Top of INPUT DATA

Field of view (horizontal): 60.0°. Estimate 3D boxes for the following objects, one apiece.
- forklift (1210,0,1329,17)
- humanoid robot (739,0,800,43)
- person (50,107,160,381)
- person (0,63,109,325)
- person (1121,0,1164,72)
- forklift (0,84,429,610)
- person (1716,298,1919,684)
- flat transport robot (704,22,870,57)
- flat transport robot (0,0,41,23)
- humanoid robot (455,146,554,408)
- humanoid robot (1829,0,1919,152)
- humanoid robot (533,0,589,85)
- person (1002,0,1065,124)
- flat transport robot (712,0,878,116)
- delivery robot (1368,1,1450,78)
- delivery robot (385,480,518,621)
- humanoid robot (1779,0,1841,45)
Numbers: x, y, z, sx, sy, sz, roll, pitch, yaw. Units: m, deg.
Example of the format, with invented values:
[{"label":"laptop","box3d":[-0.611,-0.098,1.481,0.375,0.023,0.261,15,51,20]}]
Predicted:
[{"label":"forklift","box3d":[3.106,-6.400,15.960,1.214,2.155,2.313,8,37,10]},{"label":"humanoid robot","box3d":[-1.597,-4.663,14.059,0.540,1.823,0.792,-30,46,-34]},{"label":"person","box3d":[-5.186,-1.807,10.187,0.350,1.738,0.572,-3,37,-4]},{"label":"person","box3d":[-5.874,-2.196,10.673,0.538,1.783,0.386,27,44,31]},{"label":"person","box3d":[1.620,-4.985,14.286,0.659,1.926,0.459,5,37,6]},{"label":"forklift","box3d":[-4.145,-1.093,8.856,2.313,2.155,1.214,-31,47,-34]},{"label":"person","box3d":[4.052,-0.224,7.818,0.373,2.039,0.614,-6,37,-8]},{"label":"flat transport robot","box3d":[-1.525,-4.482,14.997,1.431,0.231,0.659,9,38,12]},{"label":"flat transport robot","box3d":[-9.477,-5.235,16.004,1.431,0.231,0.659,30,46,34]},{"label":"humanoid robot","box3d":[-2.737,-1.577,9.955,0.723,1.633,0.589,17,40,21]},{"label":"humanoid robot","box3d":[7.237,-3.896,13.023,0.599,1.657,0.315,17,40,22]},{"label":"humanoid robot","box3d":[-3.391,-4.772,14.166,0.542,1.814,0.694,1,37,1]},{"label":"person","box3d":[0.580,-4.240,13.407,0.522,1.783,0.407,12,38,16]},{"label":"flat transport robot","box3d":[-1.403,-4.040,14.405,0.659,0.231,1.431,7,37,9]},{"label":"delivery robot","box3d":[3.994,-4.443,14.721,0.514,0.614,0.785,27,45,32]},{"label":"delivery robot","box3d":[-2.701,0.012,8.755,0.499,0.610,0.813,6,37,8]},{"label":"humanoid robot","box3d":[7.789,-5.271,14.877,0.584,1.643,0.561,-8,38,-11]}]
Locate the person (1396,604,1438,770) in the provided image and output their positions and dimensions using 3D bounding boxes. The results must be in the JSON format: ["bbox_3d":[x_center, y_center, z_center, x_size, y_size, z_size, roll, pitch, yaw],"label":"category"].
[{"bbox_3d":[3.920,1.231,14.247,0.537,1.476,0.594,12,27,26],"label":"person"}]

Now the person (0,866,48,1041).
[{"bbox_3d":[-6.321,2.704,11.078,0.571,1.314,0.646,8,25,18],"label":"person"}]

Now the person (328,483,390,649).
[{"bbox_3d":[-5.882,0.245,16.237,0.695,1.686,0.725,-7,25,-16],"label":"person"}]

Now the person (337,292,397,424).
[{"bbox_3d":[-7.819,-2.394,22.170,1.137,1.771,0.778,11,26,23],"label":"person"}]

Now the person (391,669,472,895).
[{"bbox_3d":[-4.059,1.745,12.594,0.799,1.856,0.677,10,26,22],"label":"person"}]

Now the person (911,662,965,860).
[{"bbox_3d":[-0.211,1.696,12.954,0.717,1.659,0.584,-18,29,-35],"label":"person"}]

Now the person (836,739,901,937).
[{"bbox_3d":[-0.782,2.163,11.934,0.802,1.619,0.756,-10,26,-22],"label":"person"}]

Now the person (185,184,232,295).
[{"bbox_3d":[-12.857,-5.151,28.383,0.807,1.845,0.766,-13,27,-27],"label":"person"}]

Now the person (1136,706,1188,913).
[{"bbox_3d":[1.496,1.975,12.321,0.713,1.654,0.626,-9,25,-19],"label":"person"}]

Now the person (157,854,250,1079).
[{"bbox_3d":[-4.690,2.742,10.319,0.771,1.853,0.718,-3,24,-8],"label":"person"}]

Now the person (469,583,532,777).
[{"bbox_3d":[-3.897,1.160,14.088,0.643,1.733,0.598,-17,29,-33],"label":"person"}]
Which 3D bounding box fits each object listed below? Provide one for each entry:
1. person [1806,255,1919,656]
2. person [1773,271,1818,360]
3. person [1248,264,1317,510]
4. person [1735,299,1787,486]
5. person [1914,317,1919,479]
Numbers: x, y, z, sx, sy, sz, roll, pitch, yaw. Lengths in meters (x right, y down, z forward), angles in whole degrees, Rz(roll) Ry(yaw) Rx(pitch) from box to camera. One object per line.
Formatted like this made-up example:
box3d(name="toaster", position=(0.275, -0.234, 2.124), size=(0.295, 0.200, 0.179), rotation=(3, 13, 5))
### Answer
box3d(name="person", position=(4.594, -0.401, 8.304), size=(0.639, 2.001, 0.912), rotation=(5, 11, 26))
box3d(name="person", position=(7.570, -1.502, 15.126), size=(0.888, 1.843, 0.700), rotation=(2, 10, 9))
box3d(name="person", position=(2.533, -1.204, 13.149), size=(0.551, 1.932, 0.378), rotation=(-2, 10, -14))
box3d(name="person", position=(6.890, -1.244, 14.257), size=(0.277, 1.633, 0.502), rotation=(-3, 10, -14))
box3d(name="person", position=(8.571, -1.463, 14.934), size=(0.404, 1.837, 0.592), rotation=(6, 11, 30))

Bottom of INPUT DATA

Restate, please, word for word the span of records running from the first line to the line bearing "- humanoid robot (455,146,554,408)", both included, and nothing outside it.

SOLUTION FOR THIS TASK
Field of view (horizontal): 60.0°. Estimate 3D boxes for the following objects, one apiece.
- forklift (1210,0,1329,17)
- humanoid robot (739,0,800,43)
- person (50,107,160,381)
- person (0,63,109,325)
- person (1121,0,1164,72)
- forklift (0,84,429,610)
- person (1716,298,1919,684)
- flat transport robot (704,22,870,57)
- flat transport robot (0,0,41,23)
- humanoid robot (455,146,554,408)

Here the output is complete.